- YOUR INSTRUCTIONS -
In the material below, find each line with the string "plus" and copy it.
Start of GIVEN DATA
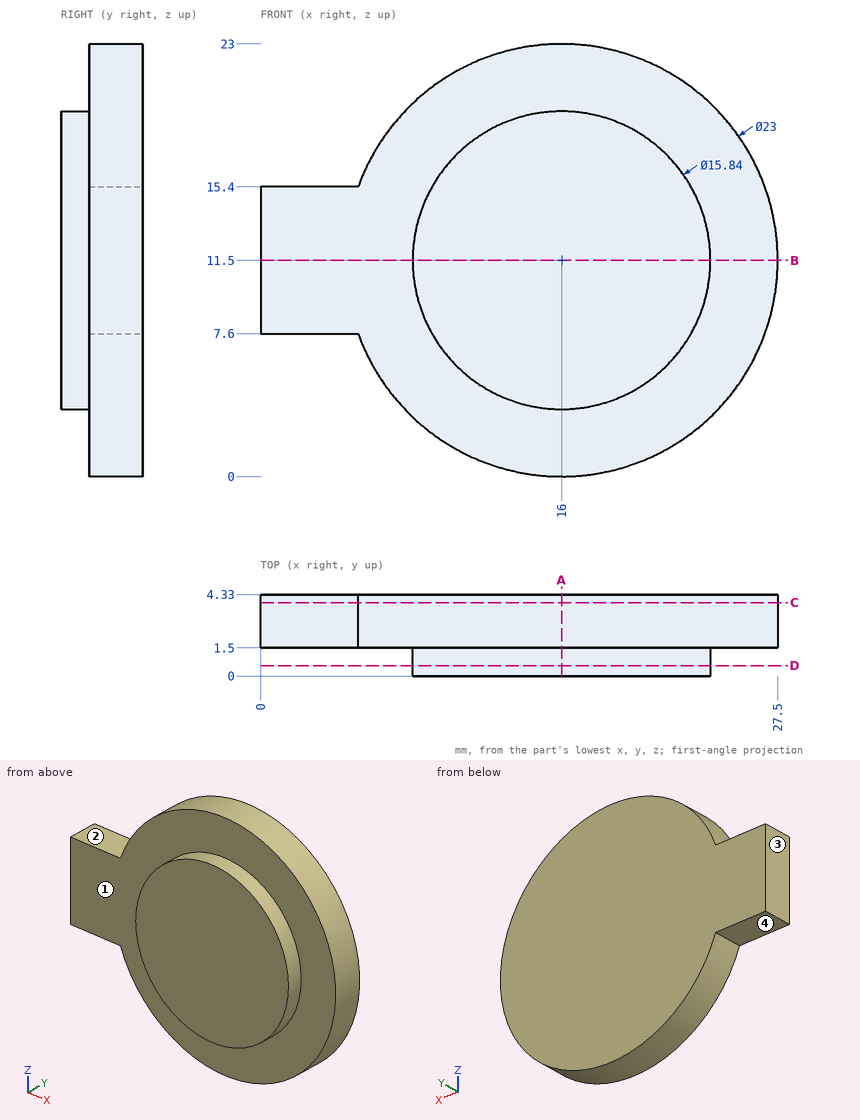
Here's the drawing with two shaded views (mm, measured from the low corner). I have some questions. A direction names the side the tool comes from. Coordinates: 2 decimals unless noted, no trailing zeros. Loops run counter-clockwise (first coordinate to the right, second up) from the corner with the lowest first, then second, coordinate; pieces in that order, holes last. Notation, with made-up numbers: (62, -0.75) -> (119, -0.75) arc R12 cw to (119, 16.25) -> close; hole circle Ø1 at (63, 24.5). An arc over 180 degrees is marked (long way). Put each result on its own line as item: value. Start each with the question number.
Q1. I want a section at B-B (z = 11.5). Write out the boundary of the cut face in (x, y), plus the area to 3 significant figures.
Q2. I want a section at C-C (y = 3.9). Write out the boundary of the cut face in (x, z), plus the area to 3 significant figures.
Q3. I want a section at A-A (x = 16). Write out the boundary of the cut face in (y, z).
Q4. For the marked faces 1, 2, 3 and 4, which set-ups out of +Z, -Z, +X, -X, +Y, -Y let a thin tool reach every point of the face, with its end or its side?
Q5. If I drill on line 1 (Y direction, x = 17.75, z = 21.5); line 2 (Z direction, x = 3, y = 3.5); line 3 (X direction, y = 2.55, z = 11.25), over which ranges is the centre line in solid material (lowest first)? Write a range as [from, to].
Q6. I want a section at D-D (y = 0.55). Write out the boundary of the cut face in (x, z).
Q7. I'm going to push flat-ended pins straight in: P1, Ø1.4, axis at x = 2, y = 2.5, coming from the +Z side; P2, Ø4, axis at x = 23.5, z = 18.5, coming from the -Y side; P3, Ø2, axis at y = 3.5, z = 15.5, coming from the +X side. Where does each tip first touch, or does it pass through?
Taken from the geometry:
1. outline: (0, 1.5) -> (8.08, 1.5) -> (8.08, 0) -> (23.92, 0) -> (23.92, 1.5) -> (27.5, 1.5) -> (27.5, 4.33) -> (0, 4.33) -> close
1. area: 102 mm2
2. outline: (0, 7.6) -> (5.18, 7.6) arc R11.5 ccw (long way) to (5.18, 15.4) -> (0, 15.4) -> close
2. area: 452 mm2
3. outline: (0, 3.58) -> (1.5, 3.58) -> (1.5, 0) -> (4.33, 0) -> (4.33, 23) -> (1.5, 23) -> (1.5, 19.42) -> (0, 19.42) -> close
4. face 1: -Y
4. face 2: +Z, -X, +Y, -Y
4. face 3: +Z, -Z, -X, +Y, -Y
4. face 4: -Z, -X, +Y, -Y
5. line 1: y = [1.5, 4.33]
5. line 2: z = [7.6, 15.4]
5. line 3: x = [0, 27.5]
6. outline: circle Ø15.84 at (16, 11.5)
7. P1: stops at z = 15.4
7. P2: stops at y = 1.5
7. P3: stops at x = 27.1
End of GIVEN DATA
- RESULT -
Q1. I want a section at B-B (z = 11.5). Write out the boundary of the cut face in (x, y), plus the area to 3 significant figures.
Q2. I want a section at C-C (y = 3.9). Write out the boundary of the cut face in (x, z), plus the area to 3 significant figures.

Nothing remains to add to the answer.